As you might glean from the name, Trick or Trade is a special Halloween-themed release. The gimmick is they are meant to be treats to give out on Halloween – they’re small, cheap, and even the bag they come in looks like a multipack for candy instead of your normal Elite Trainer Box. Of course, being the child-hating grinch I am, I decided to open a few packs of it for myself, and I was surprised at just how unassumingly charming the whole thing is.

Each booster pack contains just three cards (usually reprints of older Ghost or Dark-type Pokemon), with a special Halloween pumpkin stamp on them to add a bit of seasonal pizzazz. More importantly, the set lacks any of the usual full art ‘chase cards’ that dominate recent expansions. No Trainer’s Gallery, no V, VMAX, or VSTAR, no rainbow rares, no golden rares, not even any battle styles. Just 30 bog-standard Pokemon cards that collectors won’t end up razing Targets to the ground to get their hands on.

This return to basics means opening a pack of Trick or Trade highlights the simplistic beauty of a regular Pokemon card. With no full art hiding at the back of the pack to wait for you to chuck the ‘chaff’ away, your most exciting pulls are the foil versions of Pokemon you like, rather than those that sell best on the market. It’s the closest I’ve felt to being back in the Wizards of the Coast days when the most exciting thing you could pull was a foil Mewtwo to show off at school the next day.

When almost half of a normal expansion are alt-arts and flashy rares, you lose sight of the appeal in the commons, uncommons, and rares. When they aren’t worth enough to pay for a coffee, let alone pay off your mortgage, lots of people simply stop caring. In any other expansion, these Trick or Trade cards would’ve been bulk I tossed in a storage box. But when they’re the main focus, you appreciate the smaller details. The way the foil bleeds through the card frame, the gorgeous art of cards like Hattrem, Nickit, Pumkaboo, or, my personal favourite, the crocheted Zubat. These are all reprints with nothing new, but this more austere product really highlights them in a unique way.

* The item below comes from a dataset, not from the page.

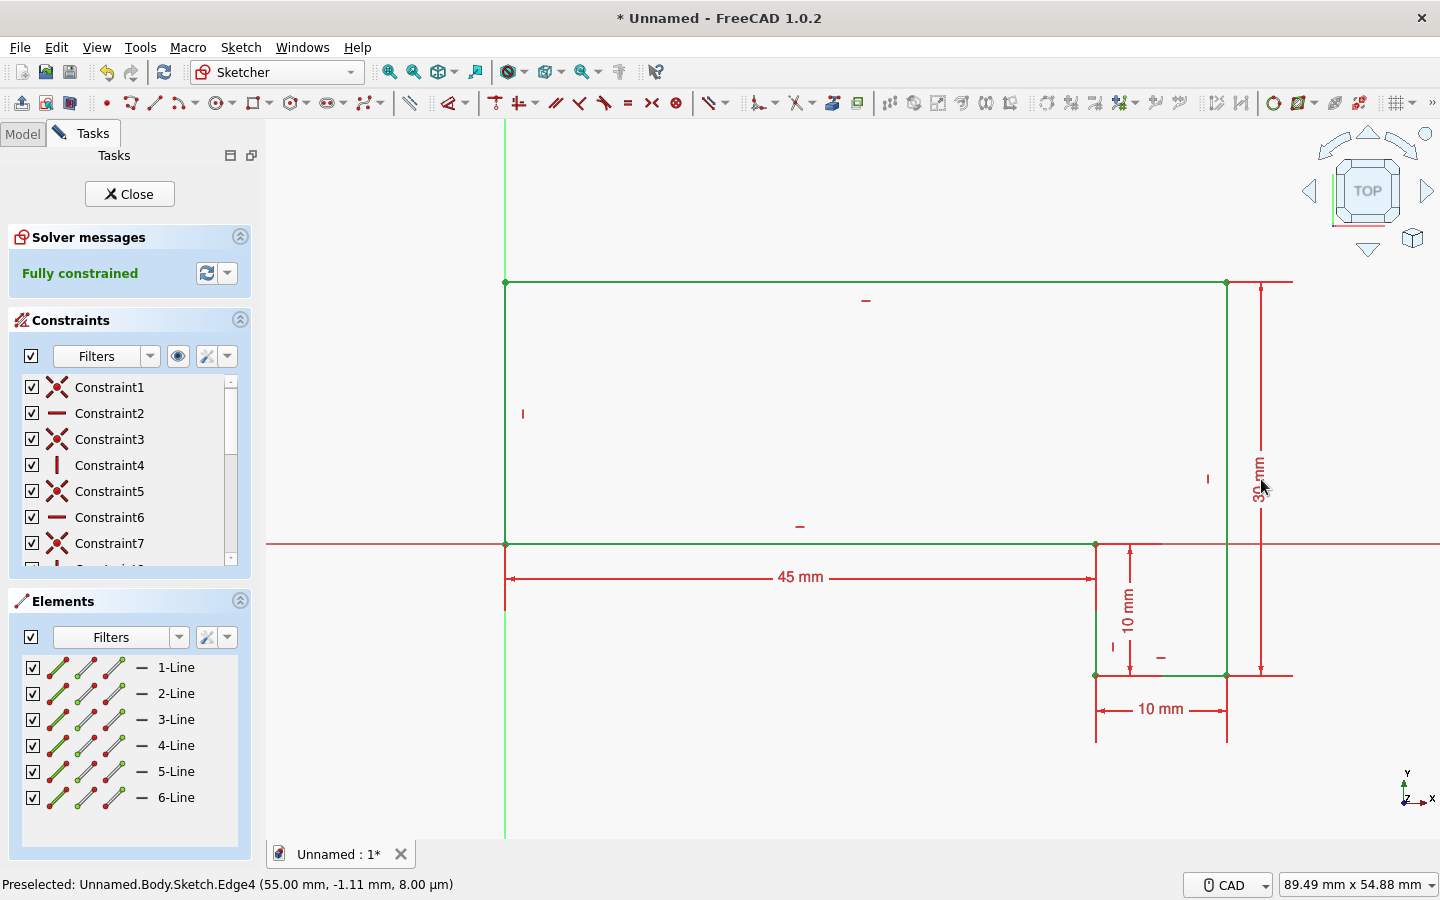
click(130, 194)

I even feel weirdly enthusiastic about building new decks and playing with these cards than I ever have with a fancy VSTAR or rainbow foil. With the game’s community so dead-set on tracking value and sequestering your cards away for decades in humidity-controlled vaults, it’s nice to have a product that is just good, wholesome, playable cards that I don’t need to worry about damaging. Even the most decadent of cards here would just be the meat of your deck that surrounds a pricier Palkia VMAX or Kyurem VSTAR.

Trick or Trade isn’t going to spark a big paradigm shift in how collectors look at Pokemon; and the fact that you can still easily buy bags of it online shows the speculators don’t care. After all, there’s no Charizard VSTARMAXSPACEYSPACE in it to stick in a toploader and flip, so they’re likely not even going to give it a second look. The most valuable card is worth around 12 cents, or, to some cynical TCG financial types, not worth the card stock it’s printed on.

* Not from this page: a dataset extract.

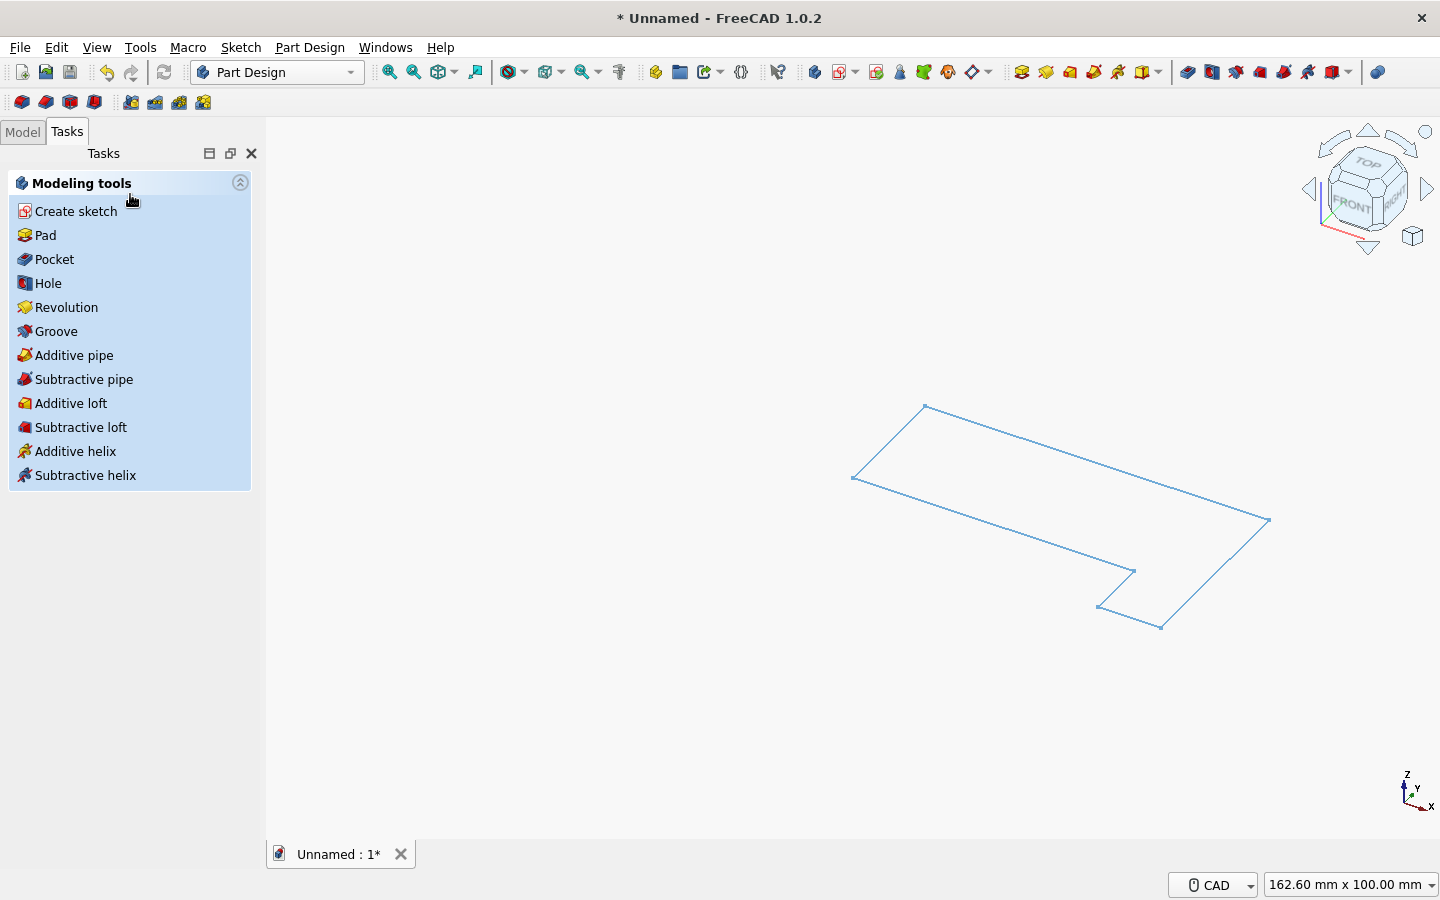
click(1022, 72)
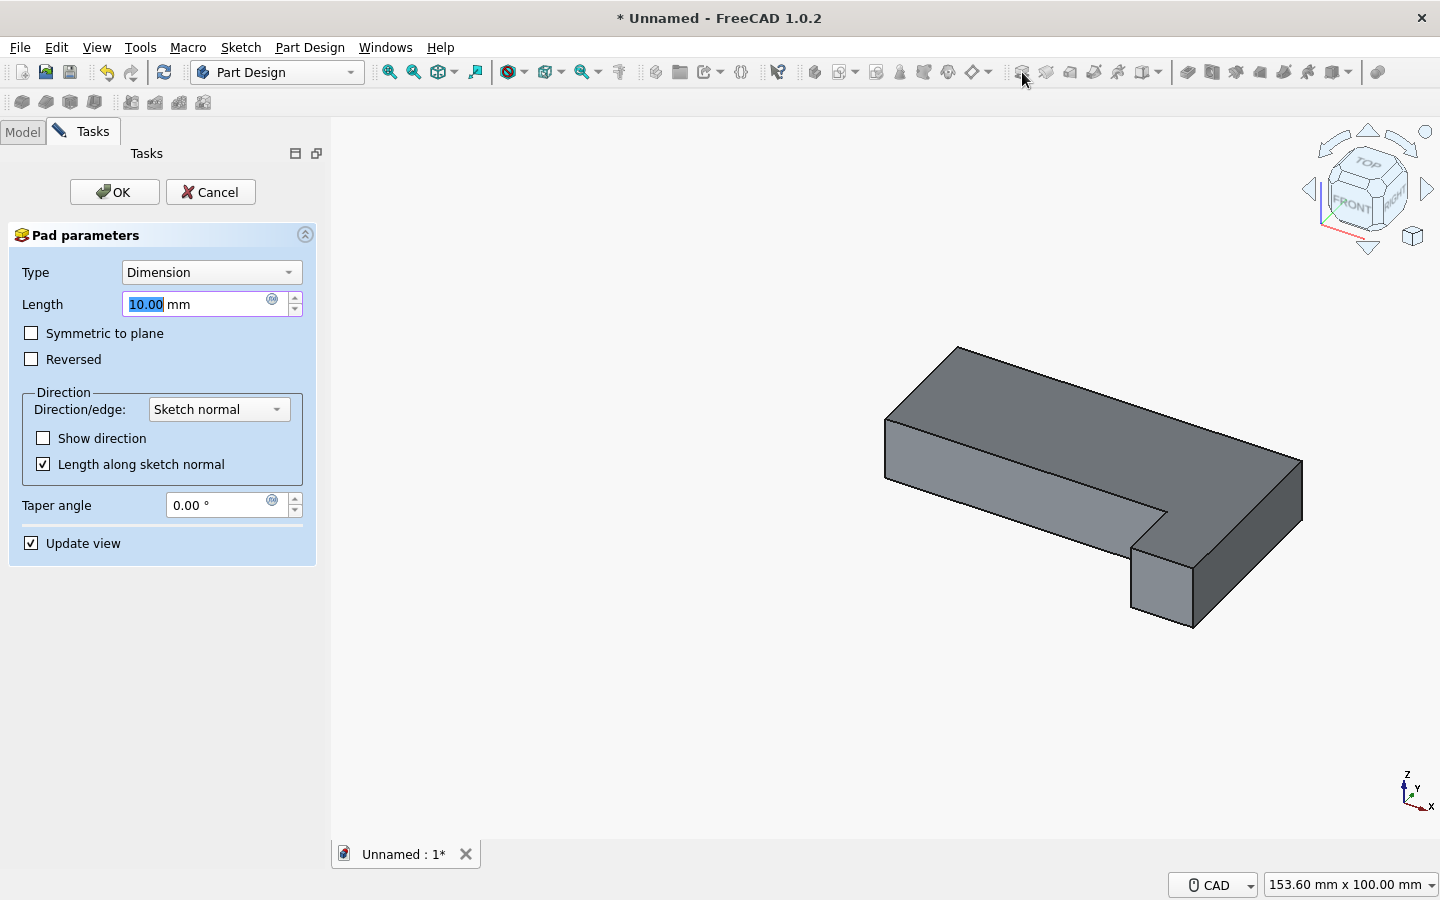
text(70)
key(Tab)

For someone like me who is utterly worn out by the endless squabbling over how much a card will sell on CardMarket, on the other hand, Trick or Trade is a point of calm in a hurricane of speculation and scalping. It helps bring into focus the fact that the Pokemon TCG isn’t just popular because the cards are valuable. It’s popular because it’s still exciting to pull an unassuming Litwick if the art is nice enough and the card seems fun to throw into a deck – and if you can sell an almost-30, heavily jaded arse like me on anything less than a golden secret rare, imagine how that kid trick or treating is going to feel.